Every year Tolai female tubuans give birth to groups of male dukduks. They appear together in Tolai villages during initiations and other ceremonies.
Dukduks die at the end of the ceremonial season. Female tubuans disappear until the next year when they give birth to more dukduks.
Tubuan and dukduk masks are made of barkcloth or mesh shaped over conical cane frameworks. Both have layered skirts of red and green leaves down to their knees. Tubuan masks are topped with tufts of feathers. The less important dukduk are faceless, but taller and have elaborately carved openwork wood peaks.(2)
Tubuan have large staring eyes and upturned mouths, but they are not friendly. Accompanied by the dukduks, they act as enforcers. They collect fines assessed against rule breakers and their relatives by the village elders. Traditional fines were paid with strings of shell money. Penalties for not paying up could include burning down an offender's house.
Clans sponsor tubuans which can be named for female ancestors or an owner's mother. Women are said to be the original owners of the tubuans in this matrilineal society. Women help their sons buy the rights to a tubuan and they participate in ceremonies where male novices purchase these rights with shell valuables.
Funerals for important men may include tubuans and dukduks. Staffs shaped like axes (pem) once had real blades and were used by the tubuan to chop up the deceased's house and garden to search for the departed spirit.
Funeral canoes with fine openwork designs called fish bones are carved and traded by Tolais in the Duke of York Group. These canoes are sometimes launched and burned. Families also sponsor feasts and distribute strings of shell money as part of the show of the deceased man's wealth.(3)
Tolai iniet secret societies made limestone initiation figures. Other carved figures and ceremonies either brought good luck to the society or sent sickness and death to their enemies.

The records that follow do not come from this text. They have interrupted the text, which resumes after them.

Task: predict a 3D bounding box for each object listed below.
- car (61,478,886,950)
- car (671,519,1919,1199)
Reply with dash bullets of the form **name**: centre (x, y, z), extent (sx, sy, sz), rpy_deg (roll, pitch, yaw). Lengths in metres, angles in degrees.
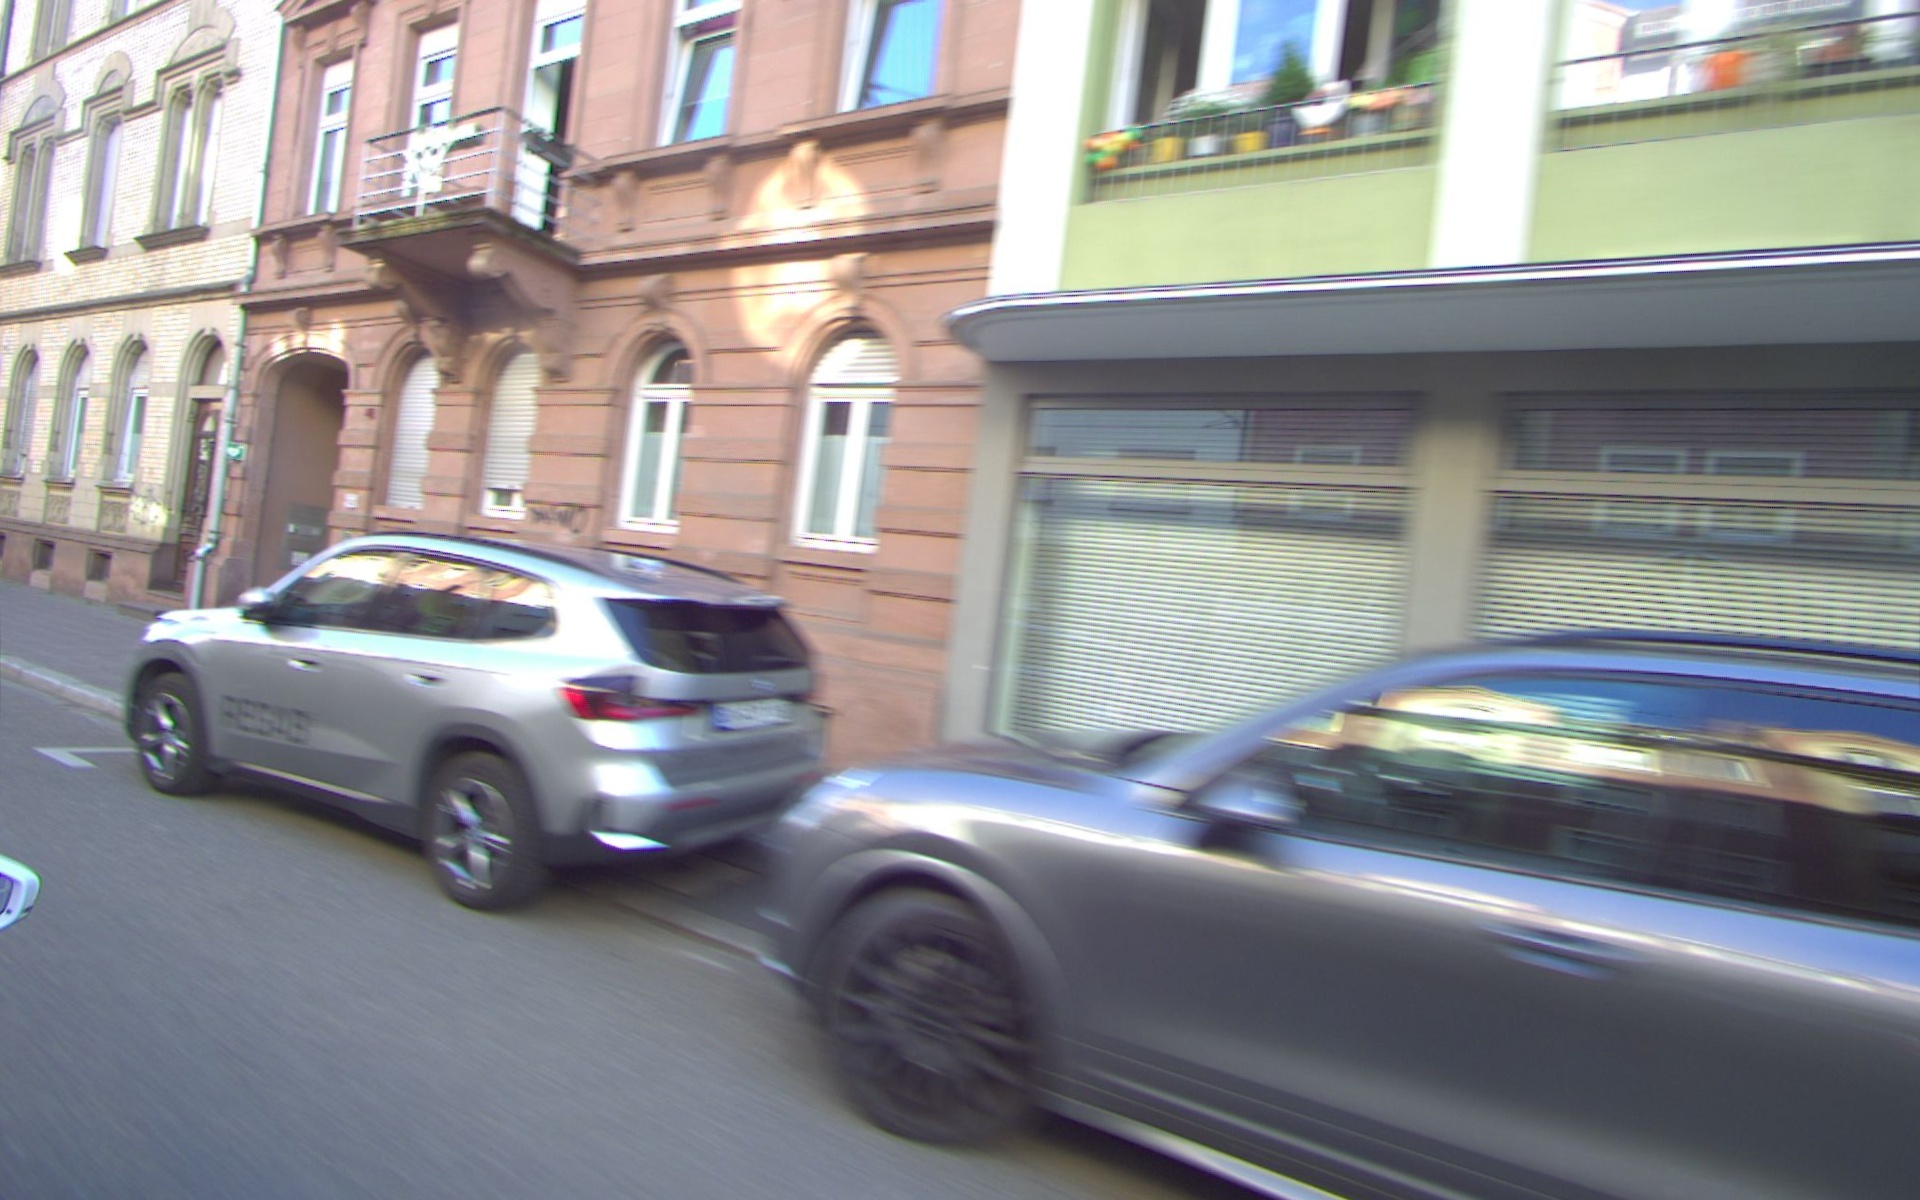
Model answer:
- **car**: centre (-2.839, 0.411, 5.748), extent (4.324, 1.665, 1.871), rpy_deg (6, -2, 27)
- **car**: centre (1.598, 0.799, 3.032), extent (4.706, 1.637, 1.995), rpy_deg (6, 2, 31)

Tolai masks (lorr) included two types using over-modeled human skulls. Another type is made of light wood or bark.
Wooden dance accessories use openwork carving with sawtooth edges. They include ornaments and wands called pokopoko. Some are carved in pairs (bair) which are held at shoulder height when dancing.
SEE ALSO:
Links in this site:
(1) Tolai dukduk ceremony photos from the Ron and Ella Lucas collection taken in 1964 at Navunaram Village, about 10 miles out of Rabaul, by a Tamoringa policeman.

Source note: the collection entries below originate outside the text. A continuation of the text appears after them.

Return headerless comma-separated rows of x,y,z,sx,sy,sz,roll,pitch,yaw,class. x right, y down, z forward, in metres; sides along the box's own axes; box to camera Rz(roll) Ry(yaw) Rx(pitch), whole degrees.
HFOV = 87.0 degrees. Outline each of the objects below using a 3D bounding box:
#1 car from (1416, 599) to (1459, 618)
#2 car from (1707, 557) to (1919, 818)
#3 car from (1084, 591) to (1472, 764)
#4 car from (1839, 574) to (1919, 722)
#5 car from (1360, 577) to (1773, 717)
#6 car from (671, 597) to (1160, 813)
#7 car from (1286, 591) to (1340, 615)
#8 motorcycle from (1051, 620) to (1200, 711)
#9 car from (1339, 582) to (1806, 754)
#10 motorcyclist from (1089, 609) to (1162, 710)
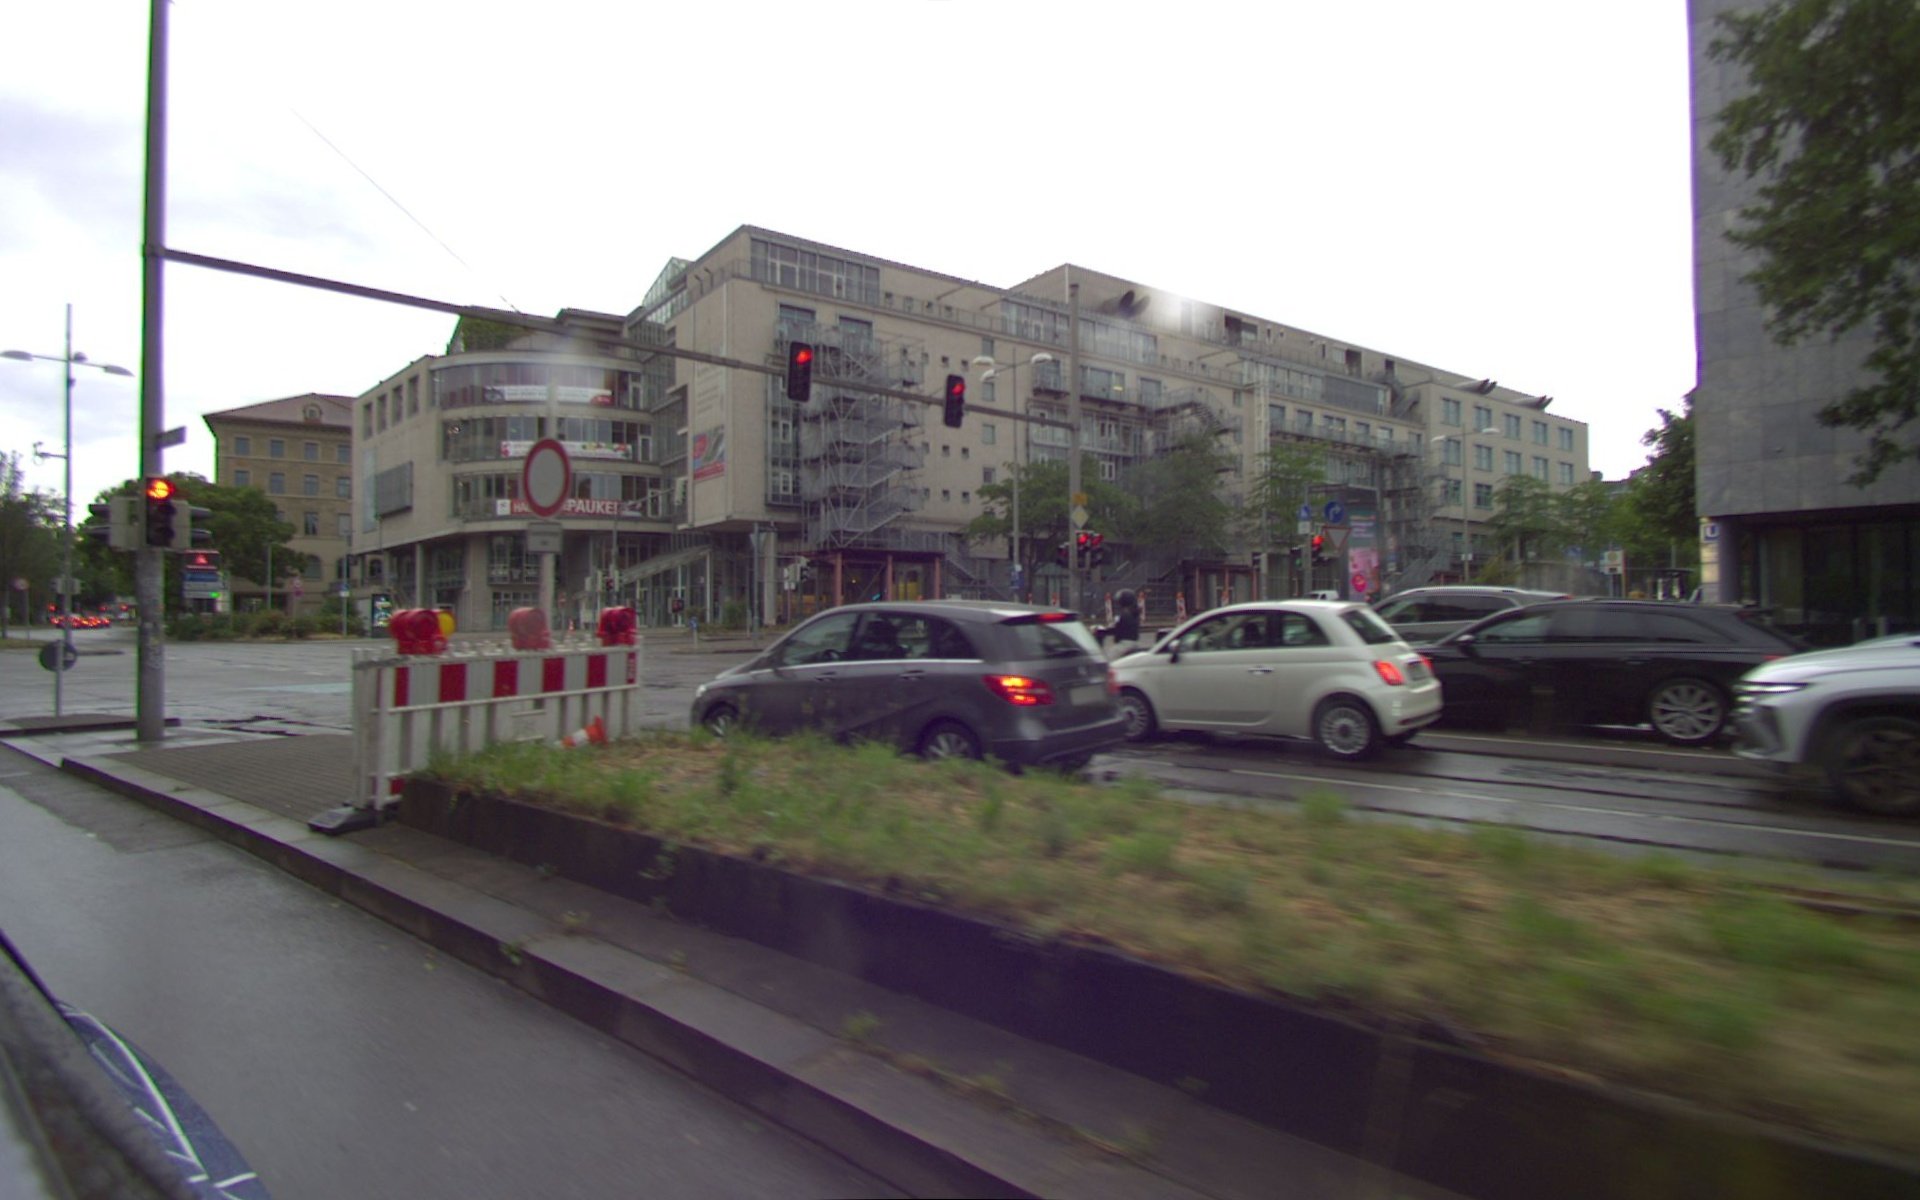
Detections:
42.301,0.727,89.675,4.268,1.522,1.762,-1,-1,-39,car
7.825,0.533,6.404,4.797,1.698,1.857,-2,-2,42,car
3.228,0.739,10.537,3.427,1.487,1.700,-3,-1,39,car
12.377,0.485,10.722,4.586,1.616,1.972,-2,-1,42,car
8.206,0.586,13.992,4.659,1.630,1.739,-2,-1,41,car
-0.536,0.787,9.018,4.158,1.493,1.826,-2,-2,38,car
27.728,0.223,79.469,4.268,1.807,2.004,-1,-1,-39,car
2.387,0.924,14.754,2.040,1.237,0.711,-1,-1,37,motorcycle
6.702,0.657,11.352,4.219,1.577,1.818,-1,-1,40,car
2.414,0.845,14.737,0.732,1.402,0.779,-2,-1,37,motorcyclist

(2) Alternate spellings and terms for:
(3) The Tolai (Gunantuna) are thought to have started settling the Duke of York and Mioko Islands and southern New Ireland in the late 1700's. They displaced the Baining people from the lowlands of New Britain's Gazelle Peninsula.
(4) A young Tolai carver had a workshop near Rabaul before the volcano erupted in 1994. He had seen photos of Tolai carvings in European museums in books at the mission school and decided to try carving similar pieces. He and his apprentices were working on an exhibition for a European museum that included a large ceremonial canoe, kundu drums, masks and "house guard" figures.
Books used to research this series.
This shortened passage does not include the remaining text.